◆ **EXERCISE REQUIREMENTS**
Go through the data below and copy each line that includes "bounding".

§

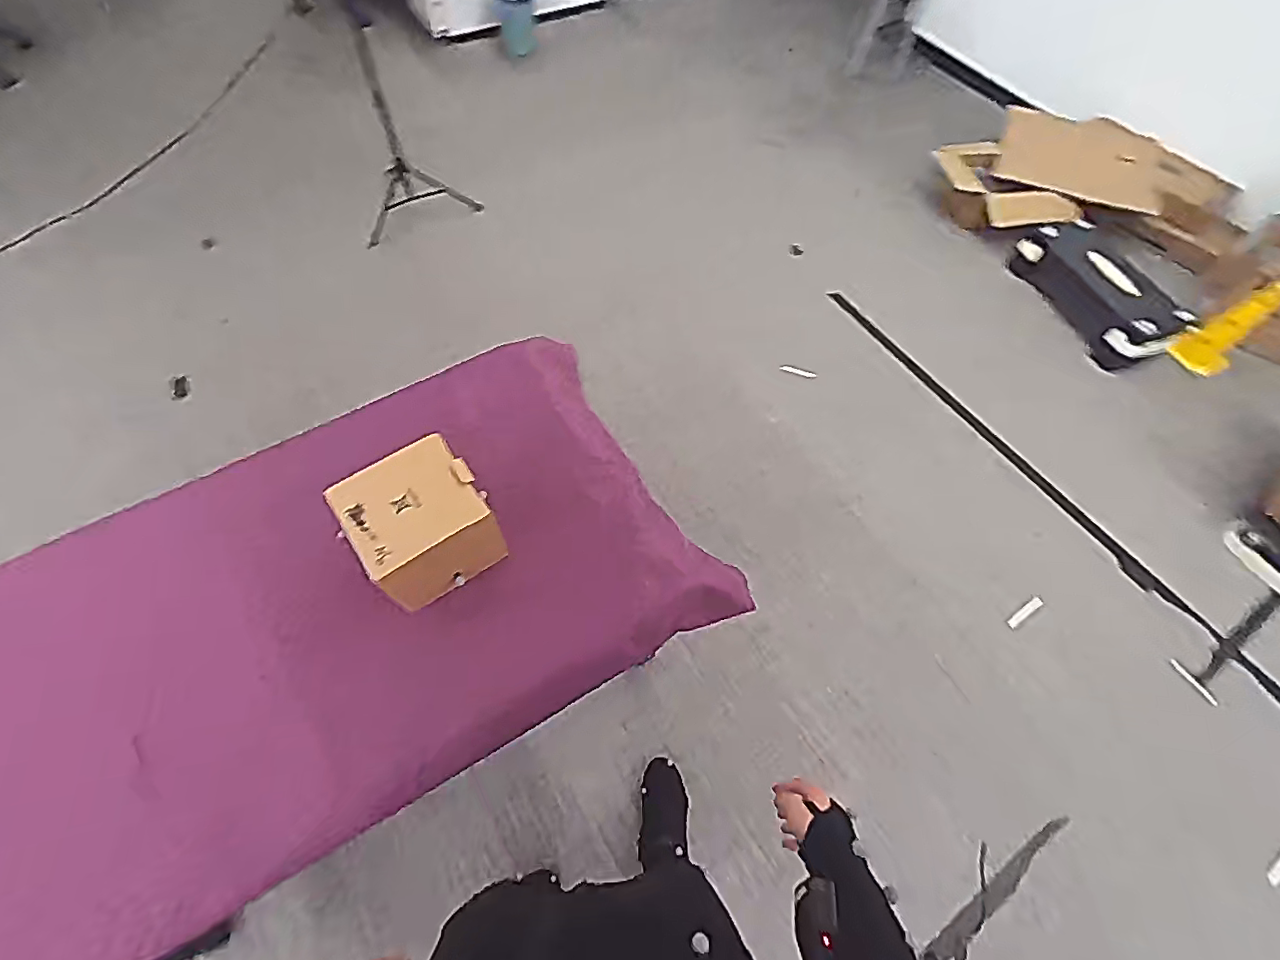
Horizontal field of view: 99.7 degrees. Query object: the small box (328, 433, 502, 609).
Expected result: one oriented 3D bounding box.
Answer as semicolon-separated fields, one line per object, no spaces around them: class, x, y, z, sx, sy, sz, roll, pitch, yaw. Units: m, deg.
small box;-0.325;0.066;0.822;0.179;0.176;0.168;-32;68;-19
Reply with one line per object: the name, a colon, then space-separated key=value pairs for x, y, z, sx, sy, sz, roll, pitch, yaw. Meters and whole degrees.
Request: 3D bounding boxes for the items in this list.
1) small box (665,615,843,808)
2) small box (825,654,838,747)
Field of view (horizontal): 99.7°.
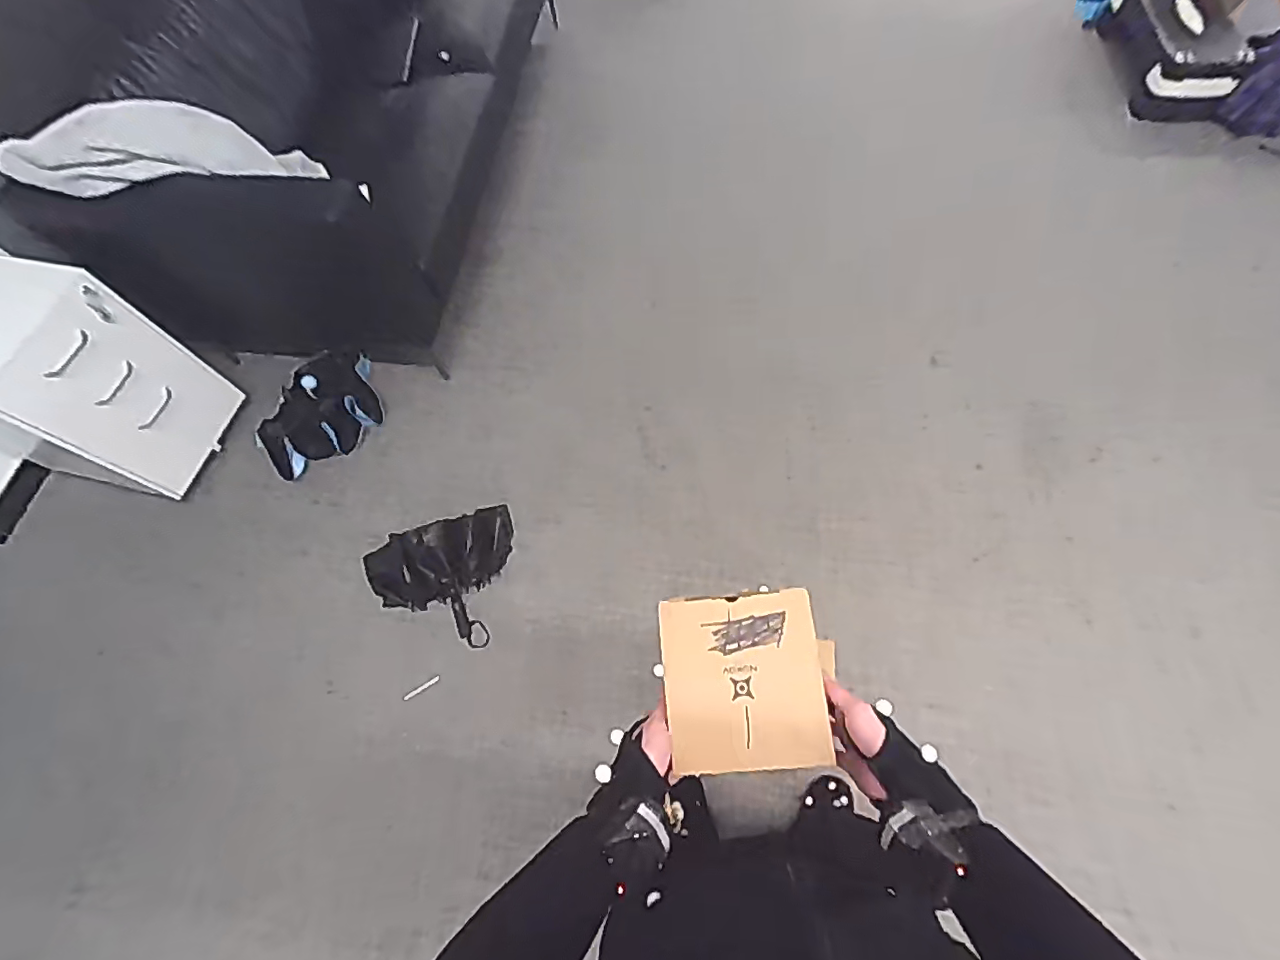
small box: x=0.113 y=0.250 z=0.612 sx=0.168 sy=0.176 sz=0.179 roll=-4 pitch=74 yaw=4
small box: x=0.309 y=0.458 z=1.133 sx=0.168 sy=0.176 sz=0.179 roll=4 pitch=65 yaw=5

§

◆ **WRITTEN RESPONSE**
Expected result: one oriented 3D bounding box.
Request: 3D bounding boxes for the items in this list.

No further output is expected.